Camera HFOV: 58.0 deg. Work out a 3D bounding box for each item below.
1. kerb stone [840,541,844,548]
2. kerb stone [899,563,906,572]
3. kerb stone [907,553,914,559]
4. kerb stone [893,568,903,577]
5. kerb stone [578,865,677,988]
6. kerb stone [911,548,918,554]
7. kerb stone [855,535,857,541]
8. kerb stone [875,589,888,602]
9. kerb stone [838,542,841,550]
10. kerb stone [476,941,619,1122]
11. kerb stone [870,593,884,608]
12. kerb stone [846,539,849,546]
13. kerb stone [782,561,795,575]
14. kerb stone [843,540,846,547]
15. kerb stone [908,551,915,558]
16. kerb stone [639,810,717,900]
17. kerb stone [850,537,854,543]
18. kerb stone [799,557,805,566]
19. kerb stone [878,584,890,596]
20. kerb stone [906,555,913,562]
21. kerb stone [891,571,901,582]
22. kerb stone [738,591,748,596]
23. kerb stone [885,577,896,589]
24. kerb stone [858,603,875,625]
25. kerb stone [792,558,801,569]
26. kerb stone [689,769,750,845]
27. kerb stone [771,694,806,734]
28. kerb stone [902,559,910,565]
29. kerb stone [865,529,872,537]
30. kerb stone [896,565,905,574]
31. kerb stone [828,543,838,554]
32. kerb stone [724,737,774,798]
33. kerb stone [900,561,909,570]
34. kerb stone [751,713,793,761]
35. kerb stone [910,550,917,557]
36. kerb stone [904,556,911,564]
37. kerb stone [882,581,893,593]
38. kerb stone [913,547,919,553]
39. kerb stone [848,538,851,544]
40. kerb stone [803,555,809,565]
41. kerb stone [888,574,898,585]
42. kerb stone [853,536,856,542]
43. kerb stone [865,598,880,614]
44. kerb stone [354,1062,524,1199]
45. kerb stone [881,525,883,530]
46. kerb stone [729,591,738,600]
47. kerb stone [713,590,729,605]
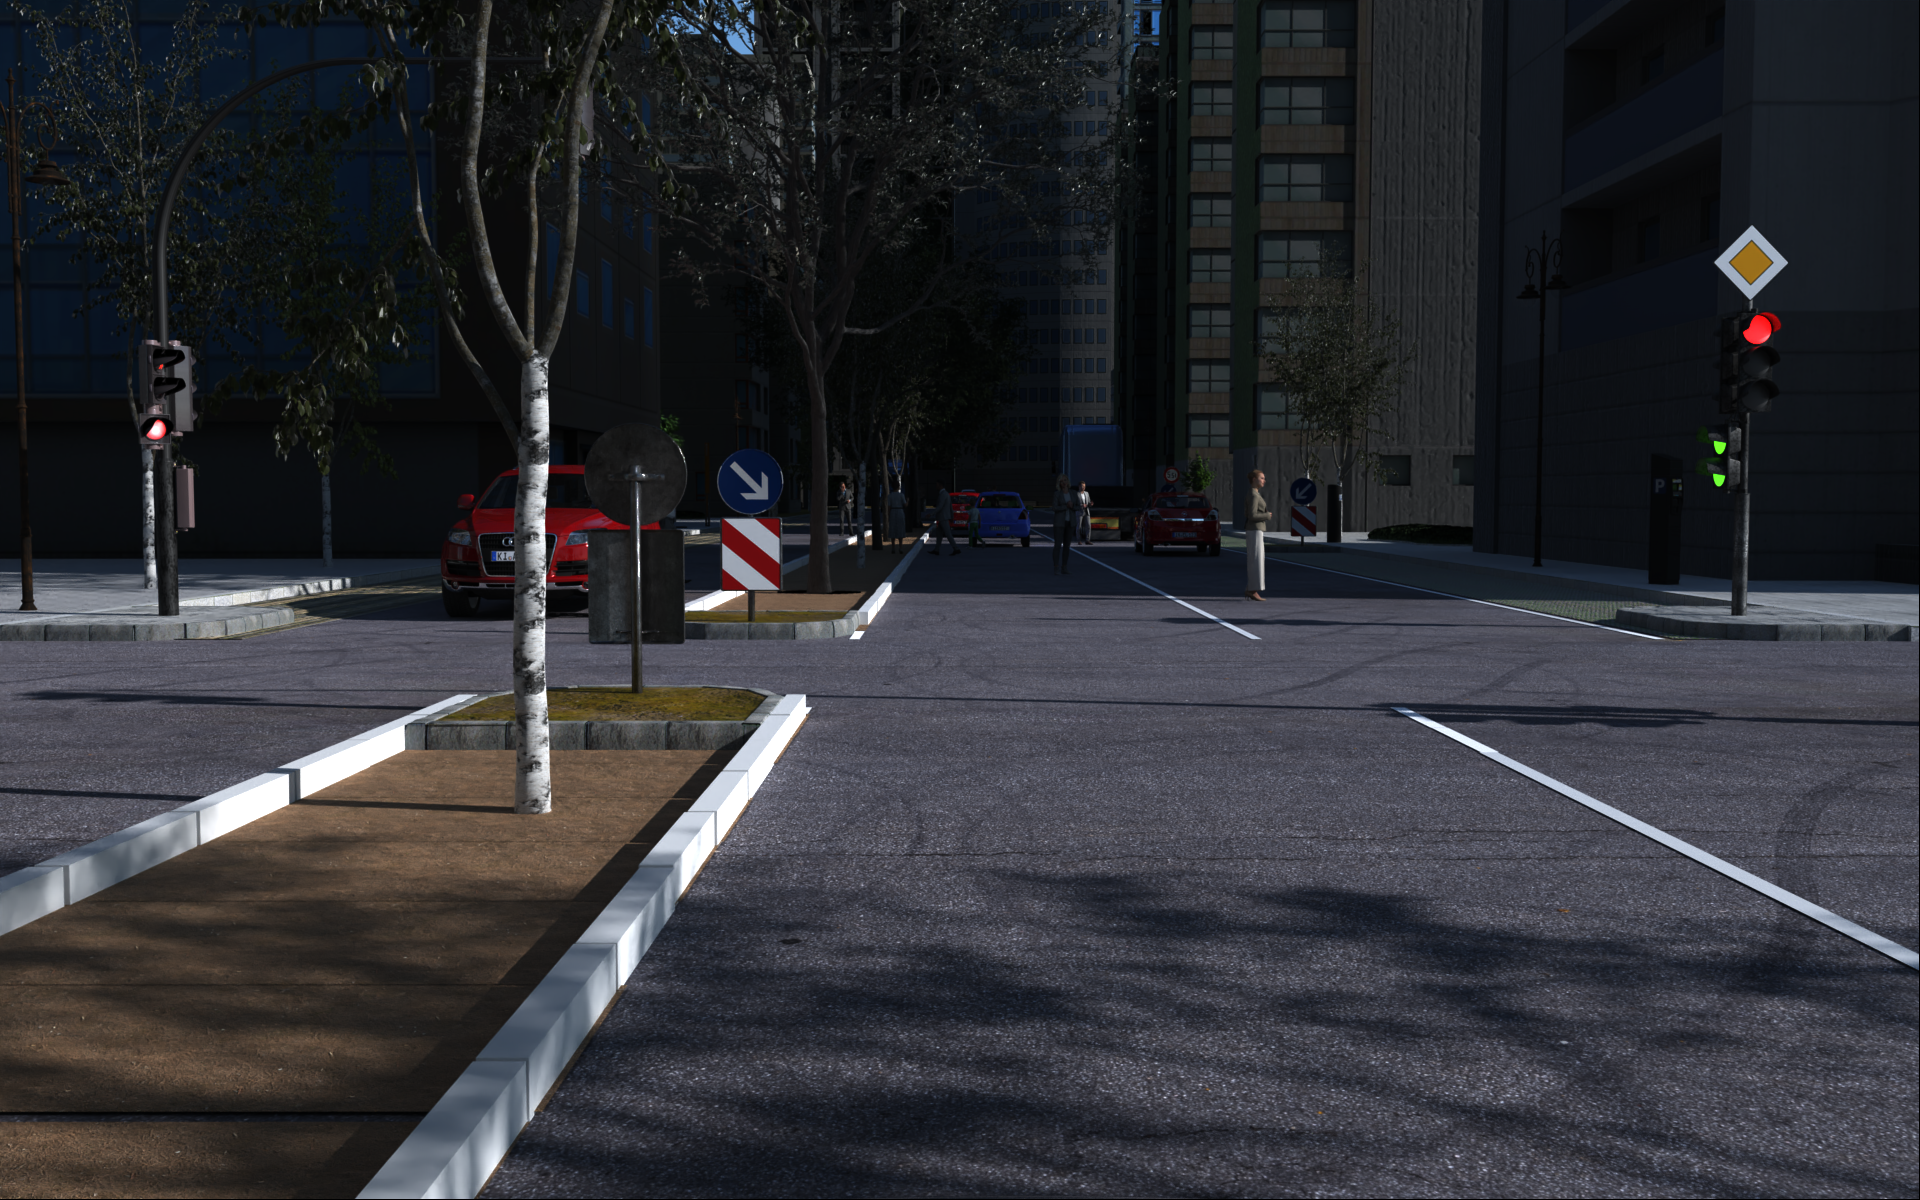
[{"bbox_3d":[-3.180,-1.396,45.013,0.120,0.150,1.000,0,3,0],"label":"kerb stone"},{"bbox_3d":[-1.068,-0.513,30.656,0.120,0.150,1.000,0,3,0],"label":"kerb stone"},{"bbox_3d":[-1.073,-0.827,35.784,0.120,0.150,1.000,0,3,0],"label":"kerb stone"},{"bbox_3d":[-1.060,-0.390,28.596,0.120,0.150,1.000,0,3,0],"label":"kerb stone"},{"bbox_3d":[-1.042,1.027,5.466,0.120,0.150,1.000,0,3,0],"label":"kerb stone"},{"bbox_3d":[-1.068,-1.017,38.854,0.120,0.150,1.000,0,3,0],"label":"kerb stone"},{"bbox_3d":[-3.175,-1.772,51.160,0.120,0.150,1.000,0,3,0],"label":"kerb stone"},{"bbox_3d":[-1.051,-0.011,22.436,0.120,0.150,1.000,0,3,0],"label":"kerb stone"},{"bbox_3d":[-3.174,-1.333,43.983,0.120,0.150,1.000,0,3,0],"label":"kerb stone"},{"bbox_3d":[-1.042,1.086,4.444,0.120,0.150,1.000,0,3,0],"label":"kerb stone"},{"bbox_3d":[-1.053,0.048,21.413,0.120,0.150,1.000,0,3,0],"label":"kerb stone"},{"bbox_3d":[-3.175,-1.520,47.060,0.120,0.150,1.000,0,3,0],"label":"kerb stone"},{"bbox_3d":[-3.164,-0.580,31.672,0.120,0.150,1.000,0,3,0],"label":"kerb stone"},{"bbox_3d":[-3.182,-1.458,46.035,0.120,0.150,1.000,0,3,0],"label":"kerb stone"},{"bbox_3d":[-1.073,-0.893,36.809,0.120,0.150,1.000,0,3,0],"label":"kerb stone"},{"bbox_3d":[-1.051,0.961,6.489,0.120,0.150,1.000,0,3,0],"label":"kerb stone"},{"bbox_3d":[-3.178,-1.641,49.109,0.120,0.150,1.000,0,3,0],"label":"kerb stone"},{"bbox_3d":[-3.175,-0.705,33.728,0.120,0.150,1.000,0,3,0],"label":"kerb stone"},{"bbox_3d":[-1.059,-0.075,23.458,0.120,0.150,1.000,0,3,0],"label":"kerb stone"},{"bbox_3d":[-1.067,-0.766,34.762,0.120,0.150,1.000,0,3,0],"label":"kerb stone"},{"bbox_3d":[-1.056,-0.329,27.573,0.120,0.150,1.000,0,3,0],"label":"kerb stone"},{"bbox_3d":[-3.151,-0.140,24.478,0.120,0.150,1.000,0,3,0],"label":"kerb stone"},{"bbox_3d":[-1.054,-0.201,25.517,0.120,0.150,1.000,0,3,0],"label":"kerb stone"},{"bbox_3d":[-1.059,0.174,19.354,0.120,0.150,1.000,0,3,0],"label":"kerb stone"},{"bbox_3d":[-3.164,-0.643,32.706,0.120,0.150,1.000,0,3,0],"label":"kerb stone"},{"bbox_3d":[-1.042,0.898,7.511,0.120,0.150,1.000,0,3,0],"label":"kerb stone"},{"bbox_3d":[-1.048,0.710,10.592,0.120,0.150,1.000,0,3,0],"label":"kerb stone"},{"bbox_3d":[-1.066,-0.638,32.702,0.120,0.150,1.000,0,3,0],"label":"kerb stone"},{"bbox_3d":[-3.188,-2.335,60.375,0.120,0.150,1.000,0,3,0],"label":"kerb stone"},{"bbox_3d":[-1.065,-0.455,29.628,0.120,0.150,1.000,0,3,0],"label":"kerb stone"},{"bbox_3d":[-3.173,-1.270,42.960,0.120,0.150,1.000,0,3,0],"label":"kerb stone"},{"bbox_3d":[-1.042,0.835,8.544,0.120,0.150,1.000,0,3,0],"label":"kerb stone"},{"bbox_3d":[-1.058,-0.580,31.680,0.120,0.150,1.000,0,3,0],"label":"kerb stone"},{"bbox_3d":[-1.048,0.776,9.568,0.120,0.150,1.000,0,3,0],"label":"kerb stone"},{"bbox_3d":[-1.072,-0.956,37.831,0.120,0.150,1.000,0,3,0],"label":"kerb stone"},{"bbox_3d":[-1.068,-0.705,33.730,0.120,0.150,1.000,0,3,0],"label":"kerb stone"},{"bbox_3d":[-1.058,-0.138,24.495,0.120,0.150,1.000,0,3,0],"label":"kerb stone"},{"bbox_3d":[-1.068,-1.081,39.893,0.120,0.150,1.000,0,3,0],"label":"kerb stone"},{"bbox_3d":[-3.177,-1.584,48.086,0.120,0.150,1.000,0,3,0],"label":"kerb stone"},{"bbox_3d":[-3.165,-0.767,34.750,0.120,0.150,1.000,0,3,0],"label":"kerb stone"},{"bbox_3d":[-1.062,-0.266,26.547,0.120,0.150,1.000,0,3,0],"label":"kerb stone"},{"bbox_3d":[-3.187,-1.709,50.137,0.120,0.150,1.000,0,3,0],"label":"kerb stone"},{"bbox_3d":[-1.059,0.111,20.380,0.120,0.150,1.000,0,3,0],"label":"kerb stone"},{"bbox_3d":[-1.041,1.148,3.421,0.120,0.150,1.000,0,3,0],"label":"kerb stone"},{"bbox_3d":[-3.194,-3.149,73.683,0.120,0.150,1.000,0,3,0],"label":"kerb stone"},{"bbox_3d":[-3.160,-0.076,23.452,0.120,0.150,1.000,0,3,0],"label":"kerb stone"},{"bbox_3d":[-3.156,-0.014,22.425,0.120,0.150,1.000,0,3,0],"label":"kerb stone"}]
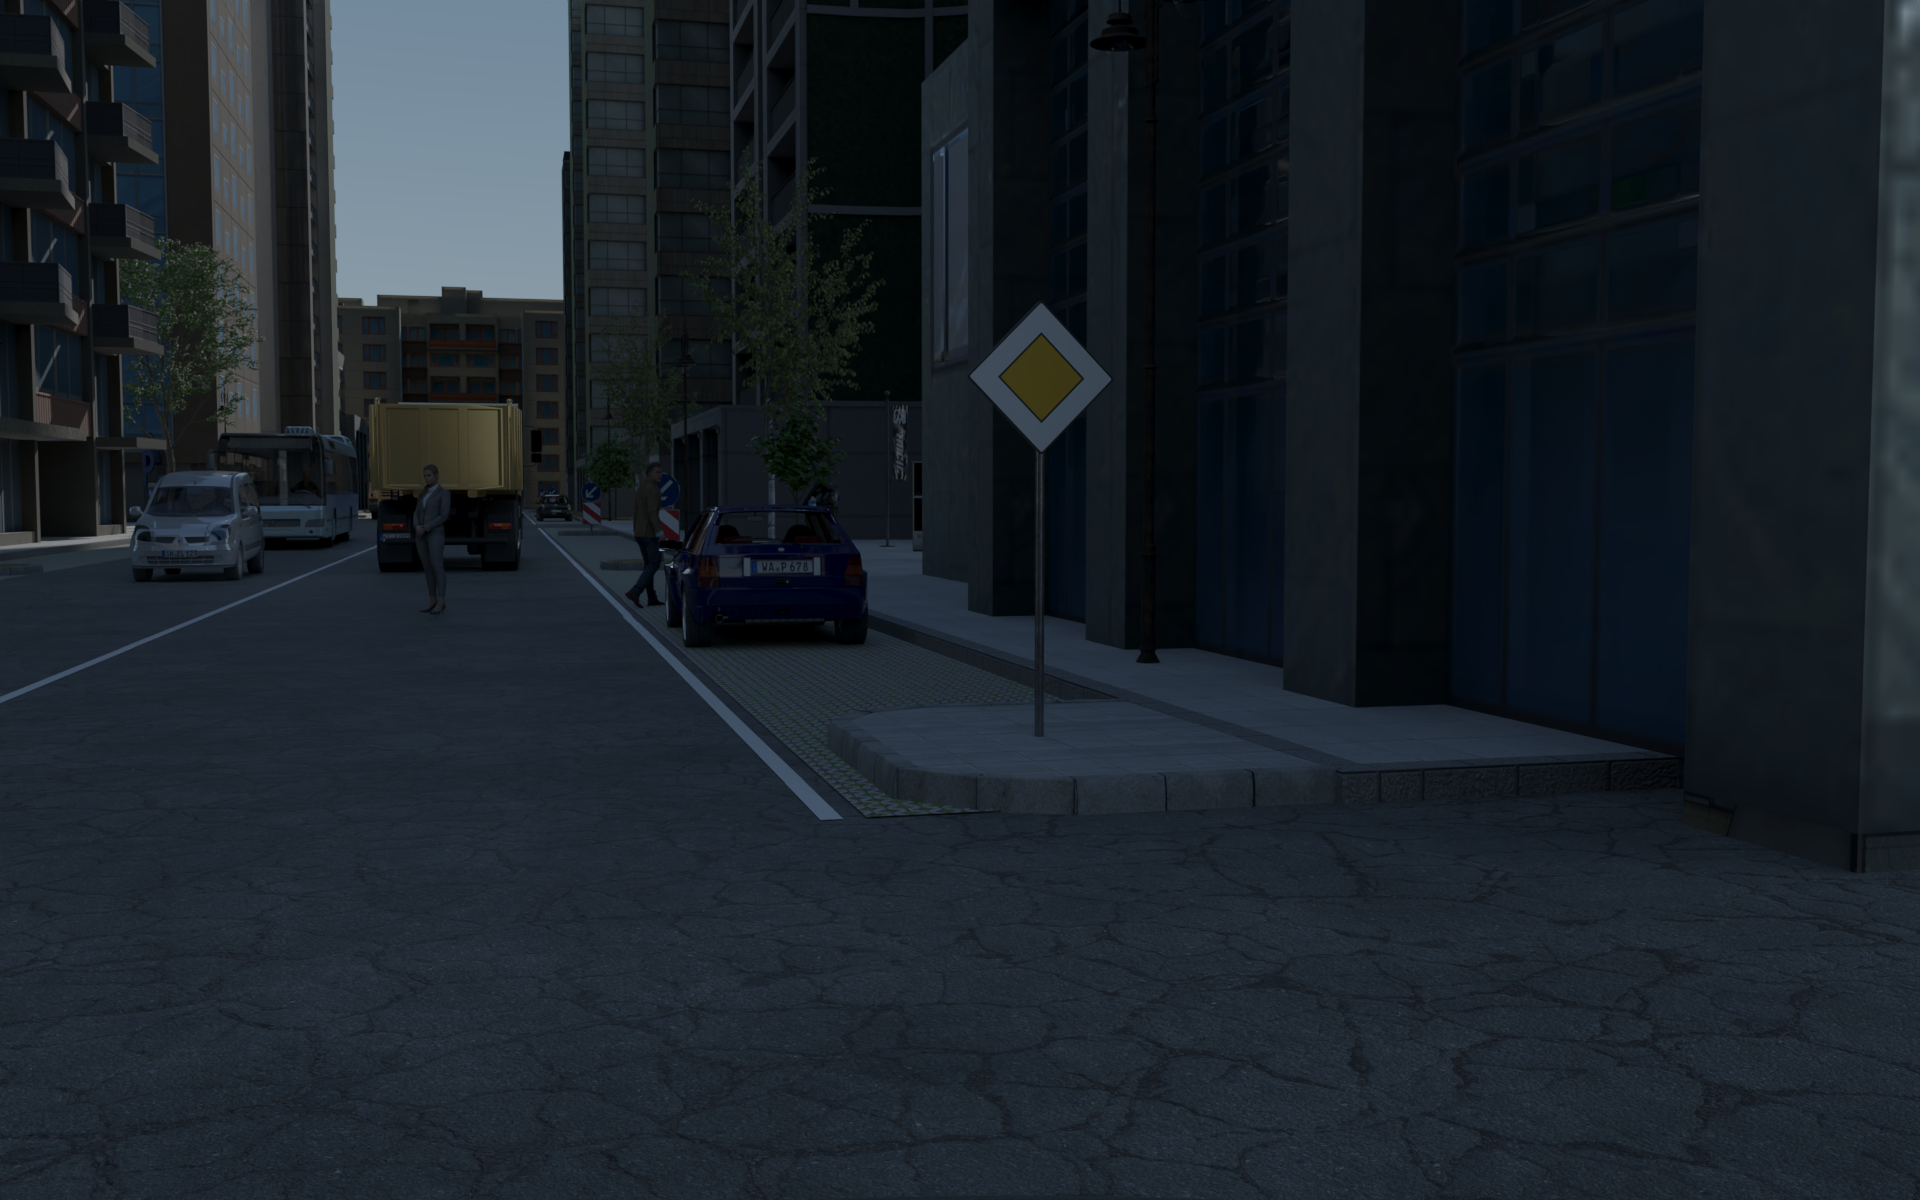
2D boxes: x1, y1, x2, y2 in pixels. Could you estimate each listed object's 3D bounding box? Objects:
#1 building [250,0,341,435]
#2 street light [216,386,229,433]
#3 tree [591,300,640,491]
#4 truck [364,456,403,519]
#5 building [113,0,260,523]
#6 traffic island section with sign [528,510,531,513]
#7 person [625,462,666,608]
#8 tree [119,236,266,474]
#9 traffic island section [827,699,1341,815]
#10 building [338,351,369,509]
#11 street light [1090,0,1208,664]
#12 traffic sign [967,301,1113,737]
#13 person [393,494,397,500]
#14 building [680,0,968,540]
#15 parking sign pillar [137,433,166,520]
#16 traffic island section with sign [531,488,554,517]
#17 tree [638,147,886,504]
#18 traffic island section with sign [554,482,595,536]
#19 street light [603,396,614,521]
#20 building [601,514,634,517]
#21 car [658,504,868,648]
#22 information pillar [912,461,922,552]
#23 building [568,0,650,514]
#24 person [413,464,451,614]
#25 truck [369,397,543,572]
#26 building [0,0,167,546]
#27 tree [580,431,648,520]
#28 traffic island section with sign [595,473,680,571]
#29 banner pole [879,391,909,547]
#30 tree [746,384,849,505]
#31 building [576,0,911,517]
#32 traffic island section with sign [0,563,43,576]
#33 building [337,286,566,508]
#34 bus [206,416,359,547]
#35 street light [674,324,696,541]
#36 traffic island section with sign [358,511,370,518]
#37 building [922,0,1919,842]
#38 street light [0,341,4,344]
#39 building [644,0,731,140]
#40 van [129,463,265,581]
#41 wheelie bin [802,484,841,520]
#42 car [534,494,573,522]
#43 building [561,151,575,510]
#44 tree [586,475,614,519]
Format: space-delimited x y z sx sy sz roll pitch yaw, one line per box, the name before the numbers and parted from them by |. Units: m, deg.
building | -51.108 -26.663 119.538 14.154 41.232 14.086 -1 4 -15
street light | -31.465 -6.205 74.236 0.468 5.910 1.993 -1 4 -15
tree | -12.247 -7.117 66.726 4.737 8.622 4.395 0 3 0
truck | -32.879 -6.872 101.270 2.839 4.237 11.283 -1 4 -13
building | -42.090 -26.441 82.422 14.600 45.320 14.200 -1 4 -15
traffic island section with sign | -32.431 -7.679 134.180 1.989 1.847 2.006 -1 4 -15
person | -3.917 -0.820 21.820 0.656 1.842 0.836 2 4 26
tree | -30.503 -8.610 66.525 9.928 11.665 9.643 0 3 0
traffic island section | 0.437 0.801 9.192 2.009 0.180 2.903 -1 4 -15
building | -64.370 -50.331 135.591 31.000 86.520 22.319 -1 4 -15
street light | 1.432 -2.460 13.015 0.468 5.910 1.993 -1 4 -15
traffic sign | 0.416 -0.334 9.109 0.795 2.450 0.064 -1 4 -15
person | -26.391 -4.261 81.407 0.421 1.427 0.697 3 4 38
building | 2.174 -37.566 52.452 20.563 71.187 20.611 -1 4 -15
parking sign pillar | -35.096 -5.321 75.469 1.447 3.967 1.447 3 5 41
traffic island section with sign | -25.522 -6.073 107.922 1.989 1.847 2.006 -1 4 -15
tree | -3.880 -5.341 37.685 4.737 8.622 4.395 0 3 0
traffic island section with sign | -12.894 -3.136 59.901 1.989 1.847 2.006 -1 4 -15
street light | -16.529 -6.653 81.559 0.468 5.910 1.993 -1 4 -15
building | -15.152 -25.603 102.206 14.154 41.232 14.086 -1 4 -15
car | -2.043 -0.305 17.560 1.945 1.354 3.894 -1 4 -13
information pillar | -0.892 -2.092 38.703 0.304 2.012 0.304 0 4 7
building | -23.476 -27.689 136.308 14.154 41.232 14.086 -1 4 -15
person | -6.413 -0.740 20.870 0.520 1.790 0.573 1 4 12
truck | -10.362 -2.432 35.688 3.469 3.379 9.791 -1 4 -14
building | -34.256 -23.840 44.406 22.147 44.769 28.867 -1 4 -15
tree | -17.331 -6.338 87.333 4.285 4.588 4.351 0 3 0
traffic island section with sign | -5.877 -1.503 33.203 1.989 1.847 2.006 -1 4 -15
banner pole | -1.585 -3.189 42.156 0.863 3.779 0.401 -3 5 -40
tree | -2.761 -2.205 30.651 1.663 3.219 1.824 0 3 0
building | -15.933 -41.635 118.990 20.563 71.187 20.611 -1 4 -15
traffic island section with sign | -17.509 -1.352 30.735 1.989 1.847 2.006 -1 4 -15
building | -49.796 -20.147 174.446 28.899 21.520 27.650 -1 4 -15
bus | -18.836 -3.312 49.018 2.948 3.499 13.247 -1 4 -15
street light | -7.500 -4.559 47.331 0.468 5.910 1.993 -1 4 -15
traffic island section with sign | -36.929 -5.871 104.617 1.989 1.847 2.006 -1 4 -15
building | 15.548 -43.176 18.594 31.000 86.520 22.319 -1 4 -15
street light | -22.439 -4.106 39.918 0.468 5.910 1.993 -1 4 -15
building | -7.082 -18.700 77.439 14.160 30.474 14.107 -1 4 -15
van | -13.103 -1.398 29.872 2.013 2.044 4.112 -1 4 -15
wheelie bin | -2.644 -1.543 33.140 0.693 1.594 0.980 0 4 1
car | -21.322 -4.965 90.958 2.009 1.686 4.222 -1 4 -16
building | -27.246 -23.150 150.195 14.160 30.474 14.107 -1 4 -15
tree | -18.535 -5.859 90.404 1.663 3.219 1.824 0 3 0

········

AIM OF THE TASK ::
Look over the entries for "bounding", then copy every line that includes that string.

ANSWER SECTION ::
Camera HFOV: 58.0 deg. Work out a 3D bounding box for each item below.
2D boxes: x1, y1, x2, y2 in pixels. Could you estimate each listed object's 3D bounding box? Objects:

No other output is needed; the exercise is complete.